Chapter 0 — The Problem

You strap a webcam to a robot and tell it: "go pick up the red mug on the shelf." To do this, the robot needs three things simultaneously:

  1. Where am I? — Track its own position in 3D (odometry/SLAM).
  2. What's the 3D shape of this room? — Build a geometric map.
  3. Where is "the red mug"? — Ground free-form language onto 3D locations.

Existing systems force you to choose two out of three. Geometric SLAM (ORB-SLAM3) gives you 1 + 2 but knows nothing about "mugs." Open-vocabulary scene understanding (ConceptGraphs, HOV-SG) gives you 2 + 3 but requires pre-calibrated posed RGB-D — you need an expensive depth sensor, known camera parameters, and an offline processing pass. No system does all three online from a raw phone video.

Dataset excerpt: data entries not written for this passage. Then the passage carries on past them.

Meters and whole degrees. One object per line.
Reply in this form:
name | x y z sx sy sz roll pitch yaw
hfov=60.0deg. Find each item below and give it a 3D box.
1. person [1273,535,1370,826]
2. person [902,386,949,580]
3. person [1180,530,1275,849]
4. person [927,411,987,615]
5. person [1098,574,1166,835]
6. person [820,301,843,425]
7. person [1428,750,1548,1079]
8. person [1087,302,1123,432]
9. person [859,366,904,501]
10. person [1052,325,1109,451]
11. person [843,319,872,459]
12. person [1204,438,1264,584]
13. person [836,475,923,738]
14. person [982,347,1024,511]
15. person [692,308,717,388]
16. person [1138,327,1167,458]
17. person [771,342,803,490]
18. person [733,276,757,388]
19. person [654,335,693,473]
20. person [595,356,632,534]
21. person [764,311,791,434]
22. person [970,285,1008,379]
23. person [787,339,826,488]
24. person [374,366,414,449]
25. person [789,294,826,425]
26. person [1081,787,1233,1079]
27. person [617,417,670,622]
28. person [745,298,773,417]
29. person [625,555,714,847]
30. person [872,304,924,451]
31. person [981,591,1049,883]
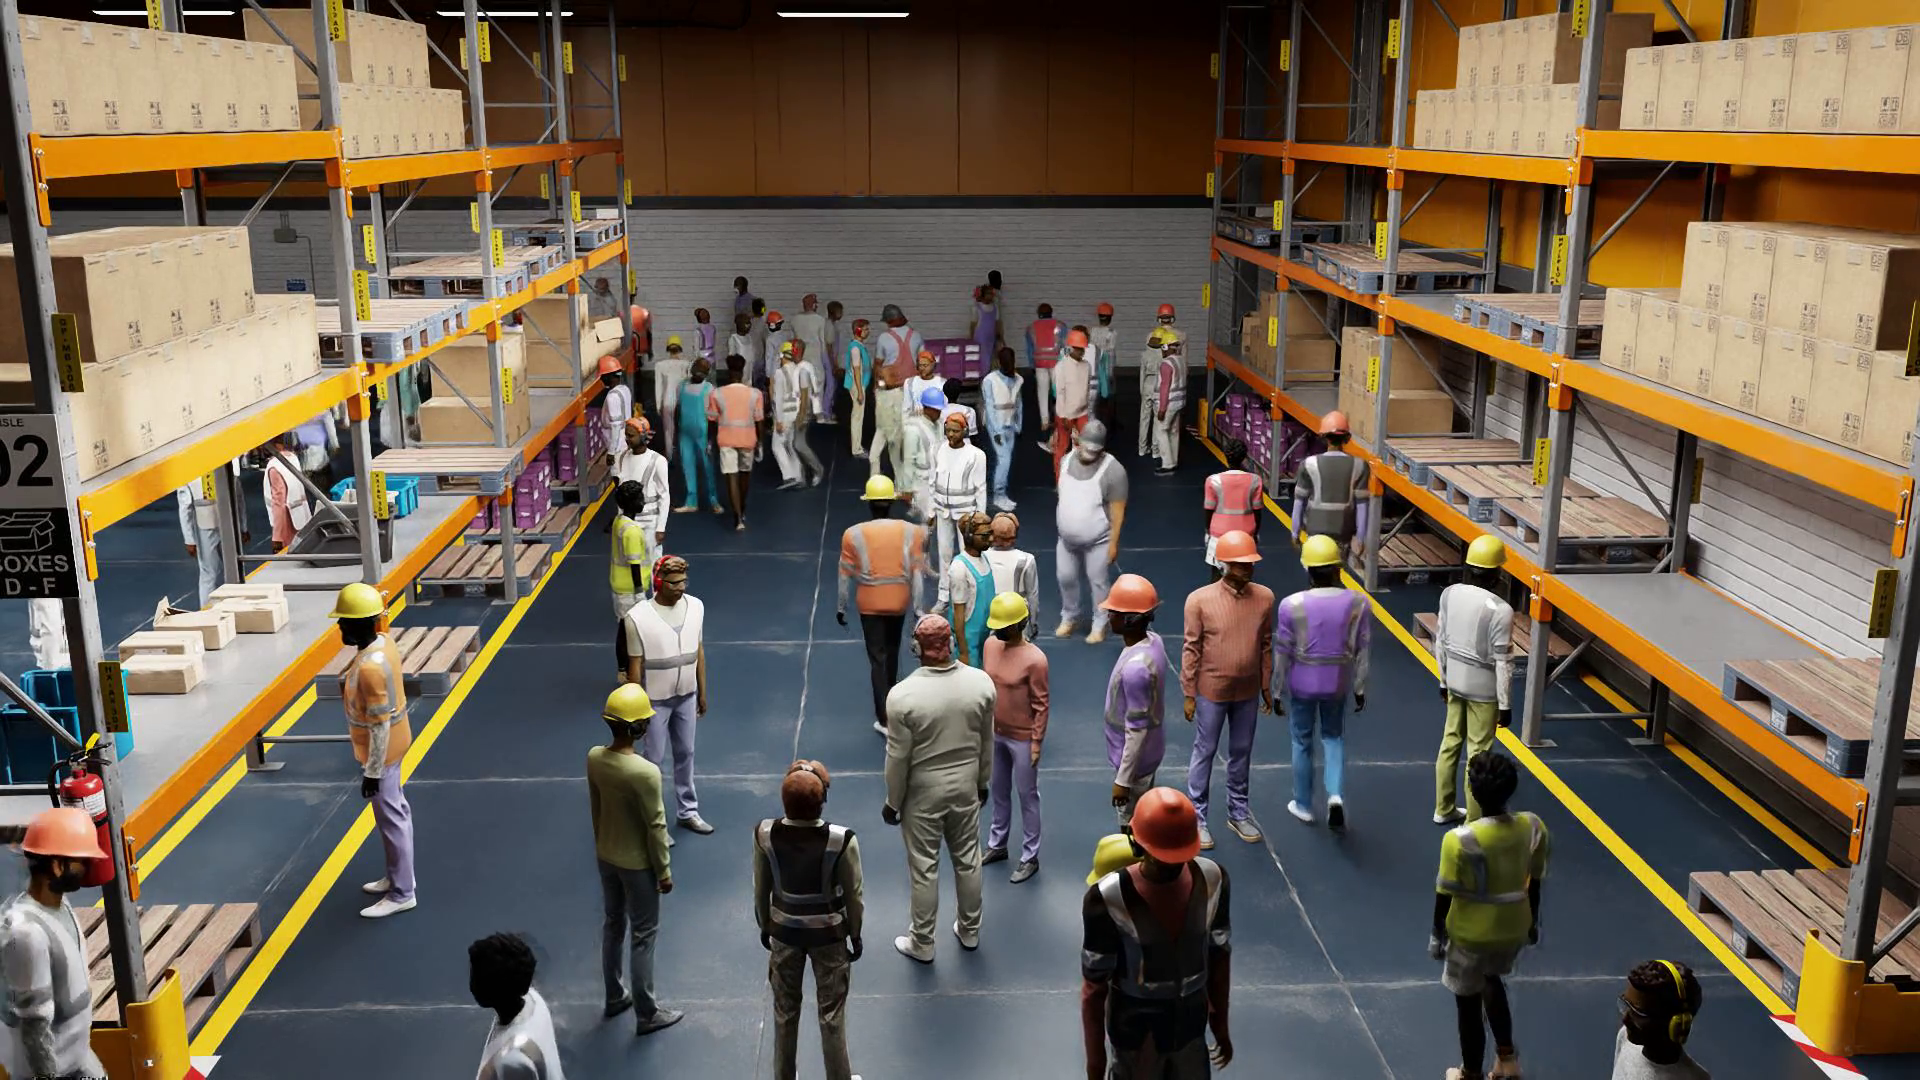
person | 2.253 0.903 10.432 0.609 1.905 0.504 -1 14 -6
person | -0.289 -0.534 16.056 0.474 1.923 0.599 7 16 26
person | 1.651 0.909 10.233 0.622 1.996 0.370 -5 15 -18
person | -0.032 -0.225 14.944 0.581 1.879 0.365 8 16 28
person | 0.926 1.178 9.088 0.377 2.045 0.605 3 15 12
person | -1.881 -2.596 24.388 0.365 1.814 0.713 -1 14 -4
person | 2.364 1.752 7.530 0.559 1.684 0.363 -5 15 -19
person | 1.974 -2.400 23.480 0.546 1.891 1.018 10 17 35
person | -0.898 -1.232 19.396 0.676 1.603 0.517 -13 19 -42
person | 1.556 -1.870 21.531 0.730 1.807 0.590 -3 15 -11
person | -1.343 -1.997 21.945 0.390 1.848 0.564 -1 14 -4
person | 2.399 -0.055 14.632 0.532 1.691 0.318 0 14 0
person | -0.604 0.444 12.277 0.611 1.881 0.940 -4 15 -16
person | 0.512 -1.275 19.035 0.614 1.884 0.582 -13 19 -42
person | -3.827 -2.657 24.950 0.308 1.640 0.511 8 16 28
person | 2.603 -1.954 22.016 0.489 1.729 0.323 11 18 36
person | -2.049 -1.507 20.140 0.469 1.789 0.652 9 17 32
person | -3.474 -3.309 26.938 0.364 1.931 0.634 -6 15 -22
person | -3.620 -1.750 21.226 0.545 1.719 0.891 -3 15 -13
person | -3.724 -1.031 17.989 0.366 1.931 0.542 0 14 2
person | -2.616 -2.377 23.648 0.344 1.743 0.556 6 16 24
person | 0.483 -3.161 26.587 0.534 1.813 0.853 -11 18 -37
person | -1.900 -1.517 20.127 0.526 1.816 0.653 -4 15 -15
person | -6.836 -1.590 20.215 0.465 1.916 0.652 -13 19 -42
person | -2.168 -2.649 24.384 0.636 1.911 0.404 7 16 24
person | 0.764 1.883 6.364 0.618 2.028 0.410 -5 15 -19
person | -2.799 -0.154 14.639 0.573 1.883 0.353 10 17 34
person | -3.018 -2.672 24.651 0.522 1.834 0.965 7 16 25
person | -1.809 0.976 10.300 0.395 1.836 0.563 13 19 42
person | -0.895 -2.202 22.364 0.708 2.000 0.717 -7 16 -27
person | 0.291 1.145 9.791 0.323 1.761 0.523 -14 20 -43

The gap. No prior method simultaneously achieves: (a) online operation, (b) open-vocabulary semantic grounding, (c) robust odometry, (d) accurate mapping, (e) dynamic scene robustness, and (f) calibration-free operation. RADIO-ViPE is the first to unify all six.

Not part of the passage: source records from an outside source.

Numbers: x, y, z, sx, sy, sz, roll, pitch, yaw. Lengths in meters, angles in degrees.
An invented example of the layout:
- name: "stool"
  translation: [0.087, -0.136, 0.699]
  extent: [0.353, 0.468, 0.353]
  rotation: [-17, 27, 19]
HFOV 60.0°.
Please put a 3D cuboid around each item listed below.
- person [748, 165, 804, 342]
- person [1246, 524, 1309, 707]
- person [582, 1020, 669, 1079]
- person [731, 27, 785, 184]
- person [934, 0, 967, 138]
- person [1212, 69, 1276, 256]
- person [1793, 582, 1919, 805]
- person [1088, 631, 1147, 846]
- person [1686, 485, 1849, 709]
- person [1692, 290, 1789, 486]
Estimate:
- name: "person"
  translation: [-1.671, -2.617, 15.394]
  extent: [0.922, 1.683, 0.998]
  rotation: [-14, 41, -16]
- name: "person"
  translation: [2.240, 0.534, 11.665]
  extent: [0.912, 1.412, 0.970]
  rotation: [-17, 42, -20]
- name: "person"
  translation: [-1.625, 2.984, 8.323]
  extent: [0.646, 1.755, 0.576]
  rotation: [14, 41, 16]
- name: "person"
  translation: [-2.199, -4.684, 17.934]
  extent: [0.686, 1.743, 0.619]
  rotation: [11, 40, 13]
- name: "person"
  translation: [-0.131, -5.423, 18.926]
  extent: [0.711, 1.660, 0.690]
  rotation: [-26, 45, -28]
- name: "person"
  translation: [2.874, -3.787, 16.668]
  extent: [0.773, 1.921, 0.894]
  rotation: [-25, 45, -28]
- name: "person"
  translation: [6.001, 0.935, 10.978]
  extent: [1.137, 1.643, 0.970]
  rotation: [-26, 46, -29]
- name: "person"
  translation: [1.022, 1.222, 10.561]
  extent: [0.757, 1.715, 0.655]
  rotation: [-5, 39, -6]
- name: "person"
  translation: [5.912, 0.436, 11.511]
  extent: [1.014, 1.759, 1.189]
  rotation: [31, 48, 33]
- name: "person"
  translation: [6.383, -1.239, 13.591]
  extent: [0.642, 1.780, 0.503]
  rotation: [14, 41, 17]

But there's a deeper problem. Real environments move. People walk through your frame. Someone pushes a chair. A door swings open. Traditional SLAM treats every pixel as belonging to a rigid world — when that assumption breaks, the entire map corrupts. And it breaks constantly in any space with humans.

The simulation above shows why this matters. Static features (blue) give consistent reprojections across frames. Moving objects (orange) create impossible geometric constraints — the optimizer tries to explain their motion as camera motion, corrupting the entire trajectory. The system needs to know which points to trust.

What we need. A system that: (1) ingests raw monocular RGB — no depth sensor, no calibration, no pose initialization. (2) Builds a 3D map annotated with language-aligned features so you can query "red mug" at runtime. (3) Handles dynamic objects gracefully without manual class lists. (4) Runs online at 8-10 FPS.

Why can't we just run an open-vocabulary model (like CLIP) on each frame independently and skip the SLAM entirely?

Chapter 1 — The Key Insight

RADIO-ViPE's breakthrough is a single architectural decision: don't just use semantics as a post-processing layer — inject them directly into the geometry optimization itself.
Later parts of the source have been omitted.